Thank you for the tip it solved my problem! Yes with torch.set_deterministic(True) I’ve got the following error:
RuntimeError: Deterministic behavior was enabled with either torch.set_deterministic(True) or at::Context::setDeterministic(true), but this operation is not deterministic because it uses CuBLAS and you have CUDA >= 10.2. To enable deterministic behavior in this case, you must set an environment variable before running your PyTorch application: CUBLAS_WORKSPACE_CONFIG=:4096:8 or CUBLAS_WORKSPACE_CONFIG=:16:8. For more information, go to https://docs.nvidia.com/cuda/cublas/index.html#cublasApi_reproducibility
So as it turned out the CUBLAS_WORKSPACE_CONFIG=:16:8 or CUBLAS_WORKSPACE_CONFIG=:4096:2 environment variable settings can solve the problem, and make the training reproducible if you have CUDA >=10.2 version.

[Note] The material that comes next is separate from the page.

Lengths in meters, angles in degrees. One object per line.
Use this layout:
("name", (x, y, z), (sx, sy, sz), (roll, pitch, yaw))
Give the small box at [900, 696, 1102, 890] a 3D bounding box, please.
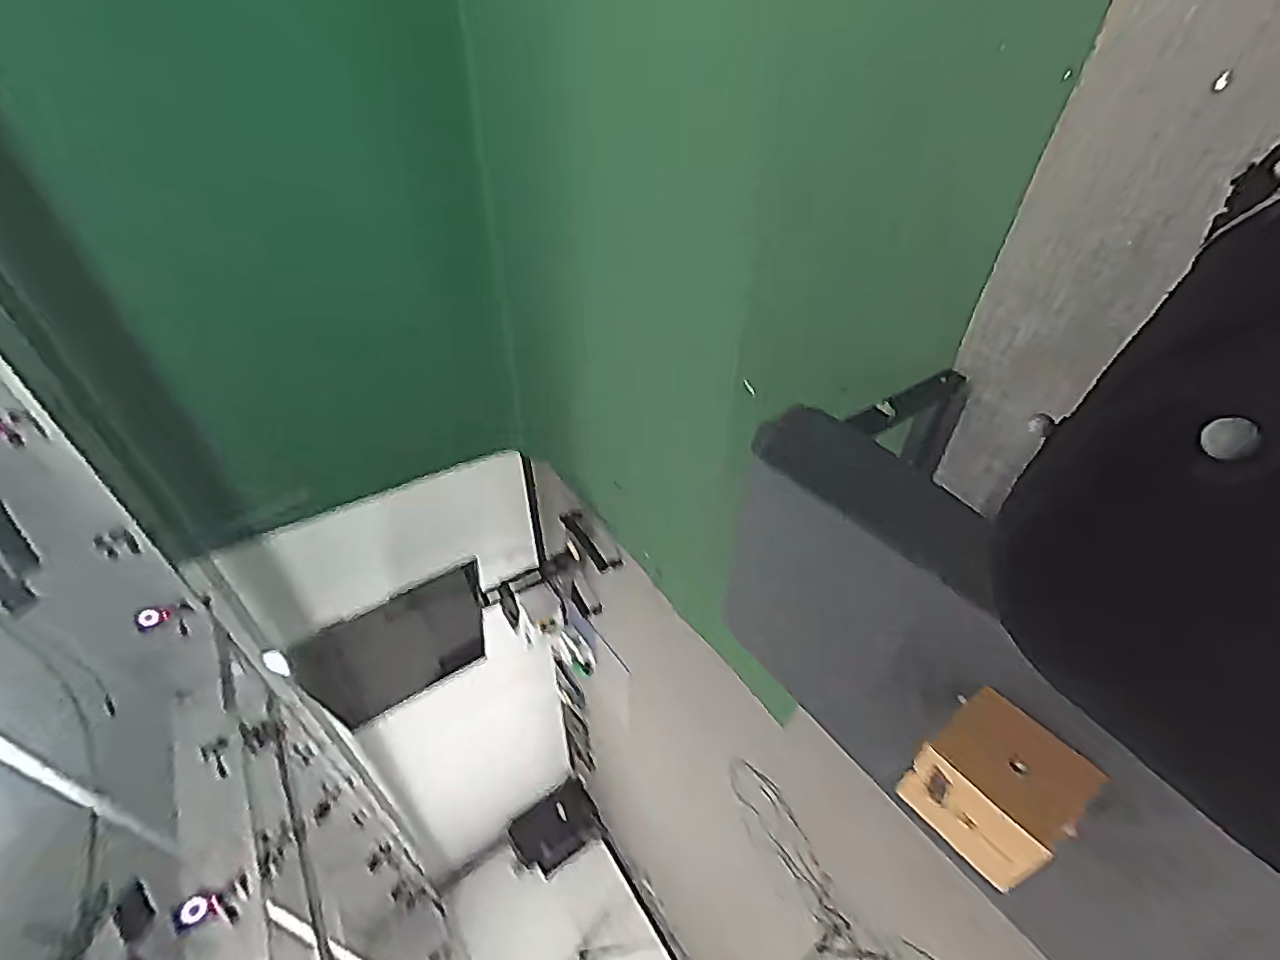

My internal MX130 probably used an older CUDA version which was not shown in the nvidia-smi, and probably that’s why it worked in that case, but not worked with the eGPU.
PS.: some pytorch layers can’t even work deterministically for example: nn.AdaptiveAvgPool1d() . But in my case I just had to remove the torch.set_deterministic(True) setting and there was no error and the particular layer had no effect on the deterministic results.